How Many-to-Many is Too Many for Many-Body Quantum Systems?

Excellent read for those looking to broaden their knowledge of entanglement. Difficult to capture in a few short notes or excerpts. Recommend the entire piece from the source, below. Because Quantum is Coming. Qubit.

Many’s Not Too Many Anymore for Quantum Systems

Excerpts and salient points ~

+  A quarter-century ago, the problem of understanding a system of many correlated electrons seemed intractable. Even under the onslaught of the most powerful computers, only a few specific cases could be solved.

Two-particle Entanglement

+  Today, this picture has changed. Steady progress in computer hardware and software in the past 25 years has helped, but ‘Moore’s law’ is no match on its own for the barriers posed by the quantum states of a throng of electrons. More important are new insights into the problem itself. According to Andy Millis, co-director of the Simons Collaboration on the Many Electron Problem and the Flatiron Institute’s Center for Computational Quantum Physics (CCQ), if there is one overarching insight driving recent progress, it is the more sophisticated understanding researchers have achieved about a uniquely quantum-mechanical phenomenon called entanglement.

Describing many-body quantum systems is generally next to impossible, physicists thought — until they realized that localized entanglement holds the key.

+  When particles are entangled, their states become weirdly linked in a way that has no exact analogue in the classical physics that describes our everyday reality. In the field of quantum computing, researchers are striving to design and build devices that exploit entanglement’s remarkable properties as a resource and enable new types of computation. For theorists working on the many-electron problem, however, entanglement represents a barrier to be overcome. The powerful insight they’ve gained, Millis explains, “is that entanglement is physical, and you should pay attention to it.”

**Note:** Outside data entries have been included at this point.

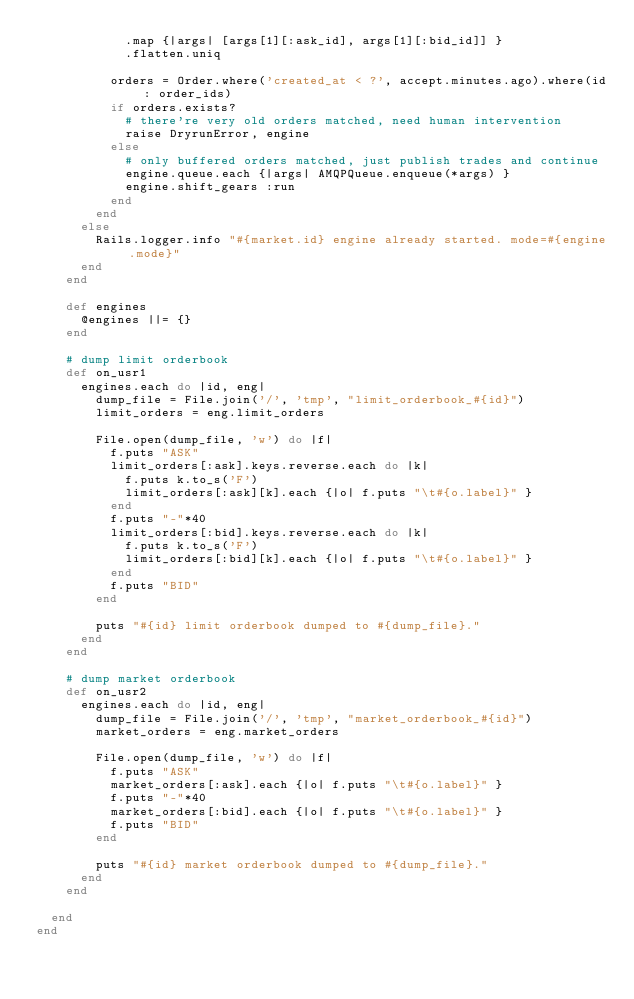<code> <loc_0><loc_0><loc_500><loc_500><_Ruby_>            .map {|args| [args[1][:ask_id], args[1][:bid_id]] }
            .flatten.uniq

          orders = Order.where('created_at < ?', accept.minutes.ago).where(id: order_ids)
          if orders.exists?
            # there're very old orders matched, need human intervention
            raise DryrunError, engine
          else
            # only buffered orders matched, just publish trades and continue
            engine.queue.each {|args| AMQPQueue.enqueue(*args) }
            engine.shift_gears :run
          end
        end
      else
        Rails.logger.info "#{market.id} engine already started. mode=#{engine.mode}"
      end
    end

    def engines
      @engines ||= {}
    end

    # dump limit orderbook
    def on_usr1
      engines.each do |id, eng|
        dump_file = File.join('/', 'tmp', "limit_orderbook_#{id}")
        limit_orders = eng.limit_orders

        File.open(dump_file, 'w') do |f|
          f.puts "ASK"
          limit_orders[:ask].keys.reverse.each do |k|
            f.puts k.to_s('F')
            limit_orders[:ask][k].each {|o| f.puts "\t#{o.label}" }
          end
          f.puts "-"*40
          limit_orders[:bid].keys.reverse.each do |k|
            f.puts k.to_s('F')
            limit_orders[:bid][k].each {|o| f.puts "\t#{o.label}" }
          end
          f.puts "BID"
        end

        puts "#{id} limit orderbook dumped to #{dump_file}."
      end
    end

    # dump market orderbook
    def on_usr2
      engines.each do |id, eng|
        dump_file = File.join('/', 'tmp', "market_orderbook_#{id}")
        market_orders = eng.market_orders

        File.open(dump_file, 'w') do |f|
          f.puts "ASK"
          market_orders[:ask].each {|o| f.puts "\t#{o.label}" }
          f.puts "-"*40
          market_orders[:bid].each {|o| f.puts "\t#{o.label}" }
          f.puts "BID"
        end

        puts "#{id} market orderbook dumped to #{dump_file}."
      end
    end

  end
end
</code> 
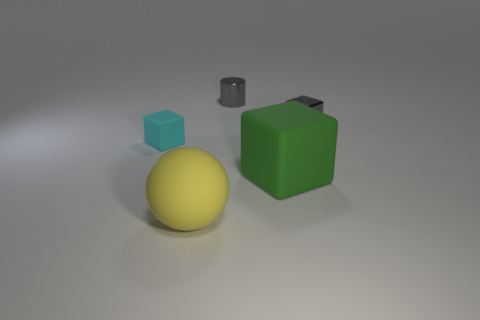Is there any object that stands out because of its color? Yes, the cyan matte block stands out with its vibrant hue, contrasting sharply against the more subdued colors present in the scene. 
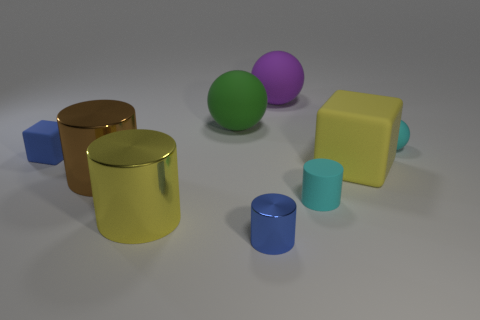There is a small object that is the same color as the tiny matte sphere; what is its shape?
Offer a terse response. Cylinder. There is a metallic cylinder that is the same color as the large matte cube; what size is it?
Provide a succinct answer. Large. There is a cyan matte object that is in front of the tiny cyan matte object behind the large matte object in front of the small ball; how big is it?
Provide a succinct answer. Small. There is a small blue thing that is behind the big yellow thing that is on the right side of the purple rubber thing; are there any large green balls that are in front of it?
Your response must be concise. No. Is the number of purple matte balls greater than the number of big green shiny cylinders?
Provide a short and direct response. Yes. There is a matte cube that is to the right of the tiny cyan rubber cylinder; what color is it?
Your answer should be compact. Yellow. Are there more yellow metal objects left of the large purple matte ball than brown cylinders?
Ensure brevity in your answer.  No. Do the yellow block and the purple sphere have the same material?
Offer a very short reply. Yes. What number of other things are there of the same shape as the small blue shiny object?
Offer a terse response. 3. Is there anything else that is made of the same material as the big yellow block?
Ensure brevity in your answer.  Yes. 
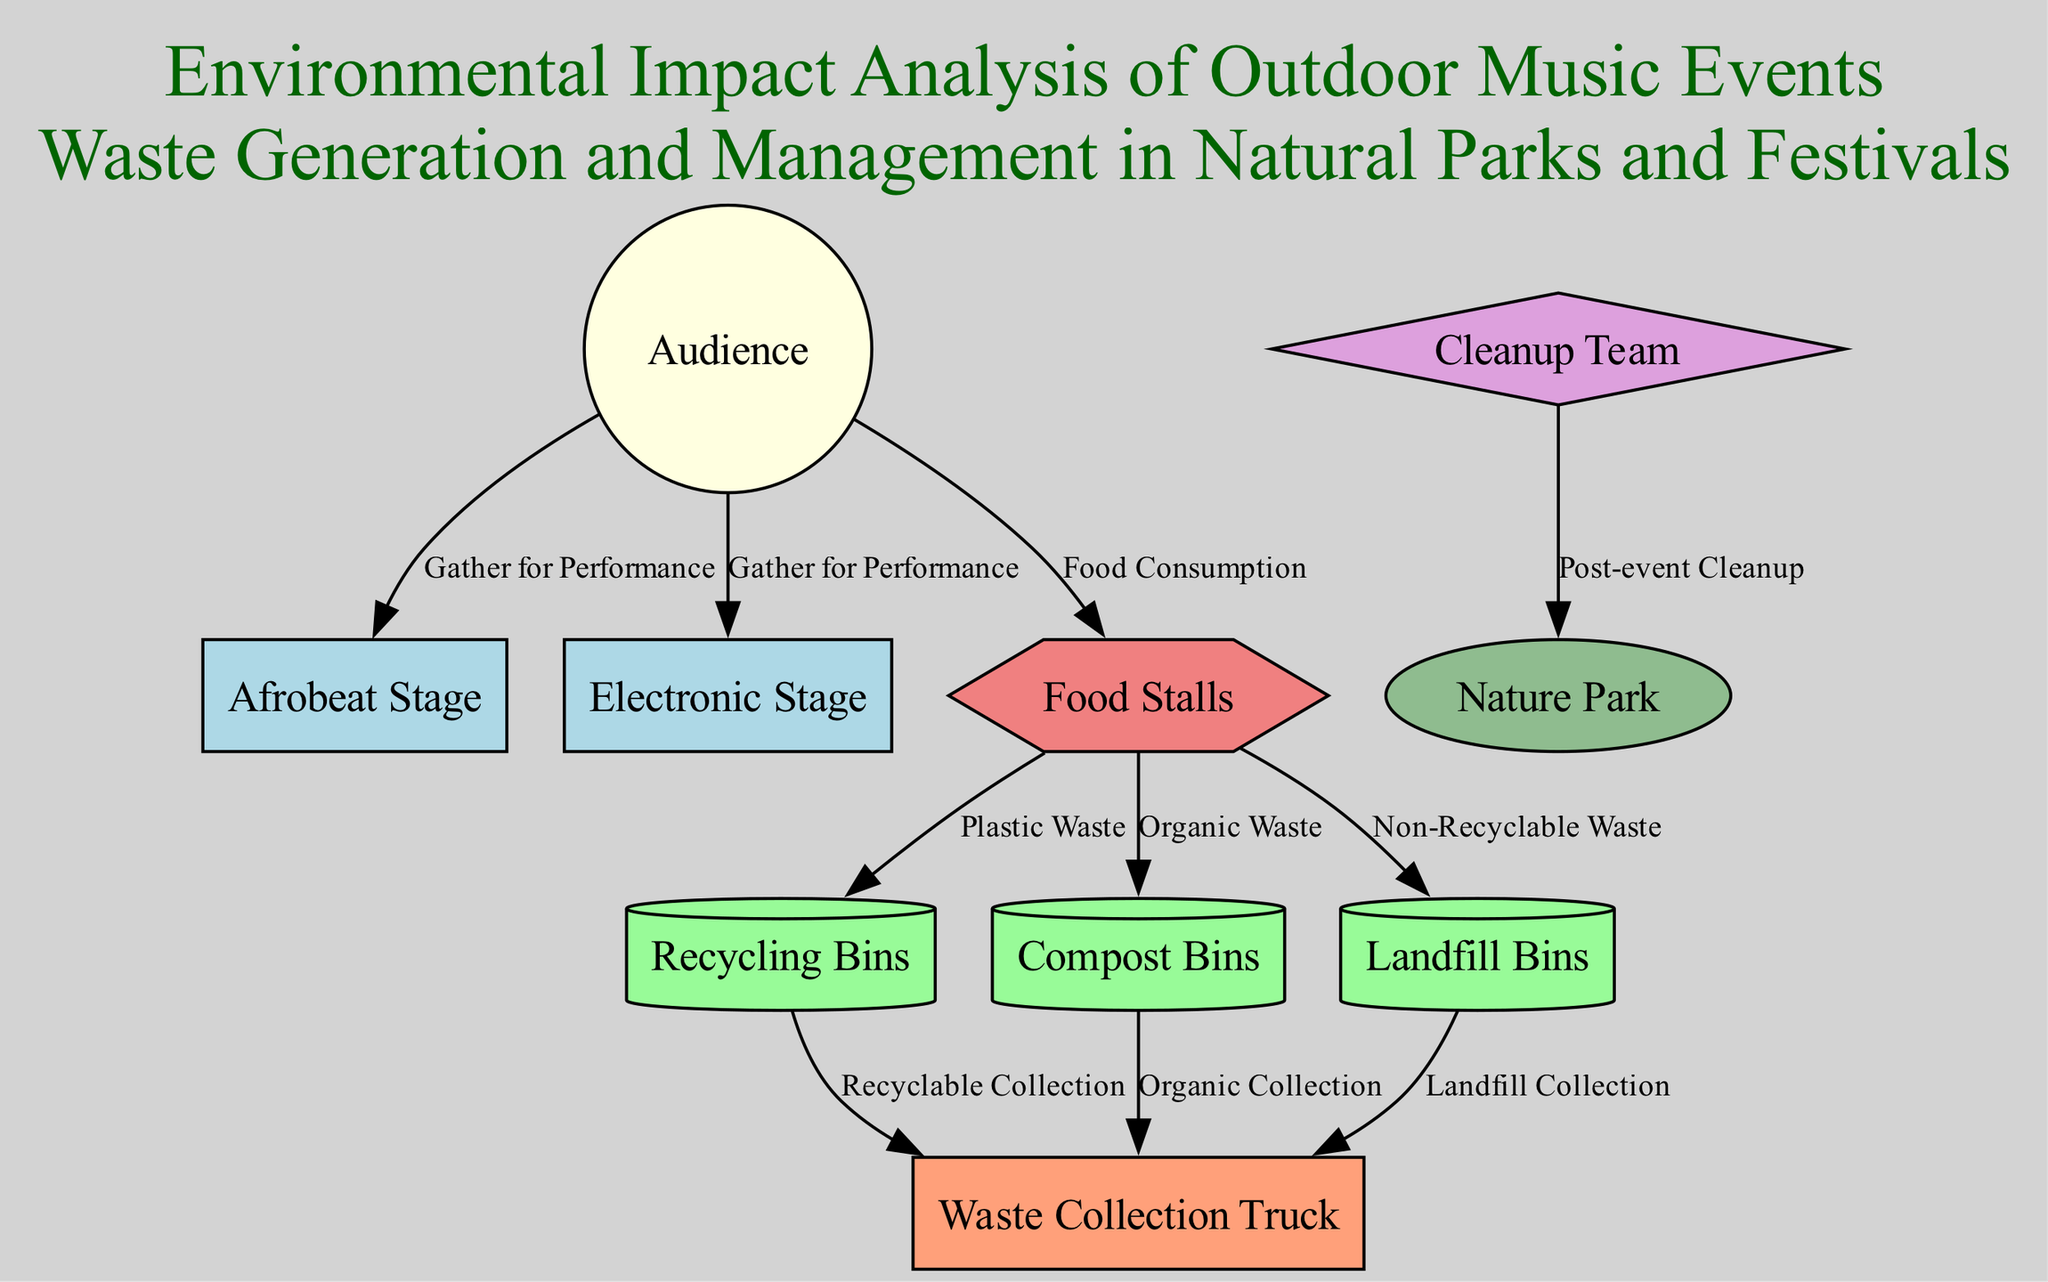What is the main subject of the diagram? The title in the diagram indicates that the main subject is the "Environmental Impact Analysis of Outdoor Music Events". This is confirmed by looking at the first annotation in the provided data.
Answer: Environmental Impact Analysis of Outdoor Music Events How many performance areas are shown in the diagram? By reviewing the nodes in the diagram, there are two performance areas listed: Afrobeat Stage and Electronic Stage. Counting them gives a total of two.
Answer: 2 What type of waste management bins are connected to food stalls? Three types of waste management bins are directly connected to food stalls: Recycling Bins, Compost Bins, and Landfill Bins. These connections are evident in the edges leading from food stalls.
Answer: Recycling Bins, Compost Bins, Landfill Bins What is the role of the cleanup team in this diagram? The cleanup team is connected to the nature park with the label "Post-event Cleanup". This indicates that the cleanup team's responsibility is to clean up the area after the event concludes.
Answer: Post-event Cleanup How does the audience interact with food stalls? The audience is labeled to interact with food stalls through "Food Consumption", which is directly indicated by the edge connecting these two nodes. This shows that food stalls serve food to the audience.
Answer: Food Consumption What happens to recyclable materials after being placed in recycling bins? The recycling bins are connected to the waste collection truck with the label "Recyclable Collection", indicating that recyclable materials are collected and transported away by the waste collection truck.
Answer: Recyclable Collection Which waste management facilities do organic wastes go to? Organic wastes go to compost bins, which are then connected to the waste collection truck through the edge labeled "Organic Collection". This demonstrates the flow from organic waste to collection.
Answer: Compost Bins How many types of facilities are present in the diagram? There is one type of facility shown, which is Food Stalls. The diagram lists only this facility type with no others mentioned.
Answer: 1

+  A different approach focuses more directly on isolating a very small subsystem. This ‘quantum embedding’ technique involves performing detailed, full calculations for the subsystem with the remainder of the system serving as an environment whose effects are approximated in these calculations. The subsystem might be as small as a single electron orbital on a particular copper atom in a superconductor. Antoine Georges, the director of CCQ and the collaboration, invented one of the most important methods along these lines.

+  Another fascinating possibility is to use artificial neural networks. The problem of the huge space of highly entangled states containing a much smaller space of interest, with locally entangled states, is analogous to the problems that neural networks have proved very adept at solving in recent years, such as recognizing speech or thoroughly defeating the world champion at the game of Go. For the many-electron problem, a neural network could find and operate in the low-dimensional subspace of interest for a given system in an automated fashion. This approach was demonstrated in 2017 for one particular many-body problem by Giuseppe Carleo and Matthias Troyer of ETH Zurich (Carleo has subsequently joined CCQ). A surge of intense interest and additional work by many researchers has followed.